## What to produce
Quote the entries in full, character for character, without their images.

Extracted records
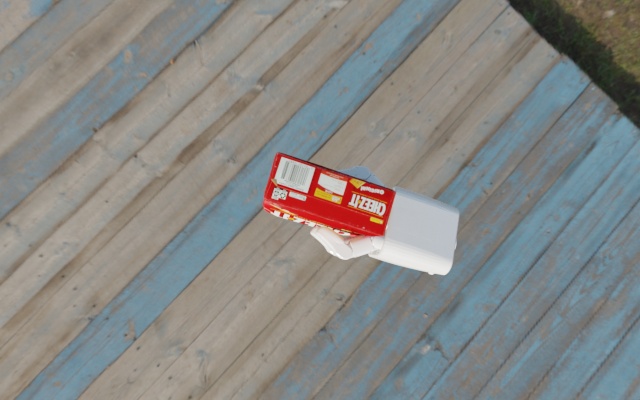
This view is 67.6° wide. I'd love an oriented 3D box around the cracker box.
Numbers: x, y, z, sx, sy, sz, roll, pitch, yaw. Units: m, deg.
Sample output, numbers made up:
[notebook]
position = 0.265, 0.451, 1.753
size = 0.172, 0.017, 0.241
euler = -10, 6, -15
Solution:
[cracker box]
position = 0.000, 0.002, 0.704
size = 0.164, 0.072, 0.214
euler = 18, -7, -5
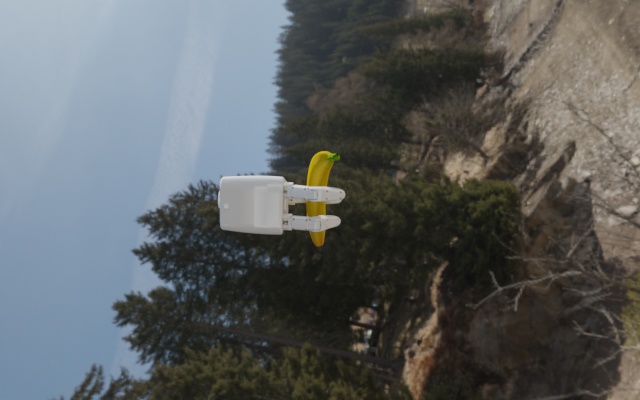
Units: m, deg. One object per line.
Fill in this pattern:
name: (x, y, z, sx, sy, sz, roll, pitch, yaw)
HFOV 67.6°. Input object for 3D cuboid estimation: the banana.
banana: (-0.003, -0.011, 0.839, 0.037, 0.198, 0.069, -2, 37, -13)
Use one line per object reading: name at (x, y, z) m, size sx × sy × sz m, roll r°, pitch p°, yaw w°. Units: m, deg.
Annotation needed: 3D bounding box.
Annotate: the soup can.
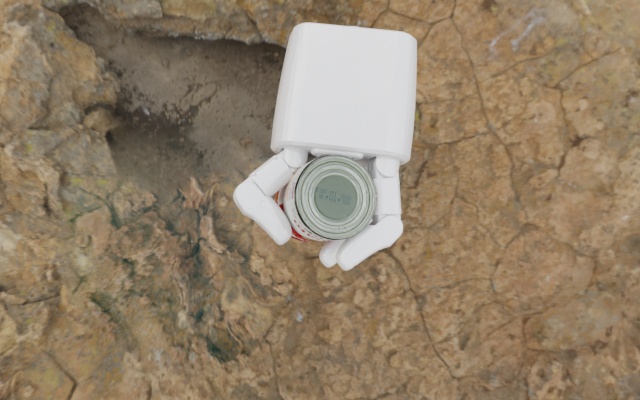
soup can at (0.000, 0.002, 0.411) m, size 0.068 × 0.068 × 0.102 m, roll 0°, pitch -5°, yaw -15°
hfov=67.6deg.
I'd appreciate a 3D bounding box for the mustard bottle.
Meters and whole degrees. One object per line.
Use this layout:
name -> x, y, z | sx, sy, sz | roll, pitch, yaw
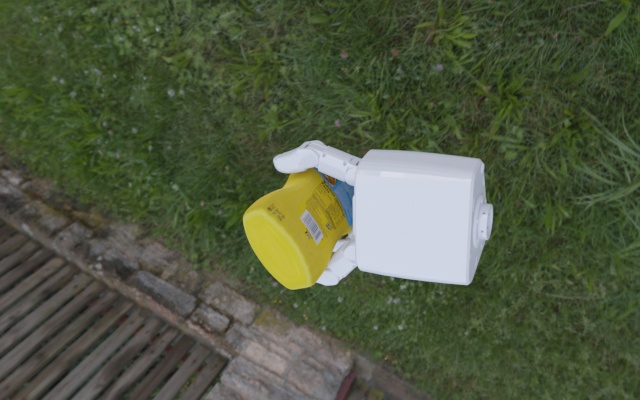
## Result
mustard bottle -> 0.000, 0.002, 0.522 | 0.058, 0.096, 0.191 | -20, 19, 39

## Answer for the task
This view is 67.6° wide. I'd love an oriented 3D box around the cracker box.
Numbers: x, y, z, sx, sy, sz, roll, pitch, yaw. Units: m, deg.
Sample output, numbers made up:
[notebook]
position = 0.265, 0.451, 1.753
size = 0.172, 0.017, 0.241
euler = -10, 6, -15
Solution:
[cracker box]
position = 0.000, 0.002, 0.704
size = 0.164, 0.072, 0.214
euler = 18, -7, -5
Units: m, deg. One object per line.
Fill in this pattern:
name: (x, y, z, sx, sy, sz, roll, pitch, yaw)
HFOV 67.6°. Input object for 3D cuboid estimation: the banana.
banana: (-0.003, -0.011, 0.839, 0.037, 0.198, 0.069, -2, 37, -13)
Use one line per object reading: name at (x, y, z) m, size sx × sy × sz m, roll r°, pitch p°, yaw w°. Units: m, deg.
Annotation needed: 3D bounding box.
Annotate: the soup can.
soup can at (0.000, 0.002, 0.411) m, size 0.068 × 0.068 × 0.102 m, roll 0°, pitch -5°, yaw -15°
hfov=67.6deg.
I'd appreciate a 3D bounding box for the mustard bottle.
Meters and whole degrees. One object per line.
Use this layout:
name -> x, y, z | sx, sy, sz | roll, pitch, yaw
## Result
mustard bottle -> 0.000, 0.002, 0.522 | 0.058, 0.096, 0.191 | -20, 19, 39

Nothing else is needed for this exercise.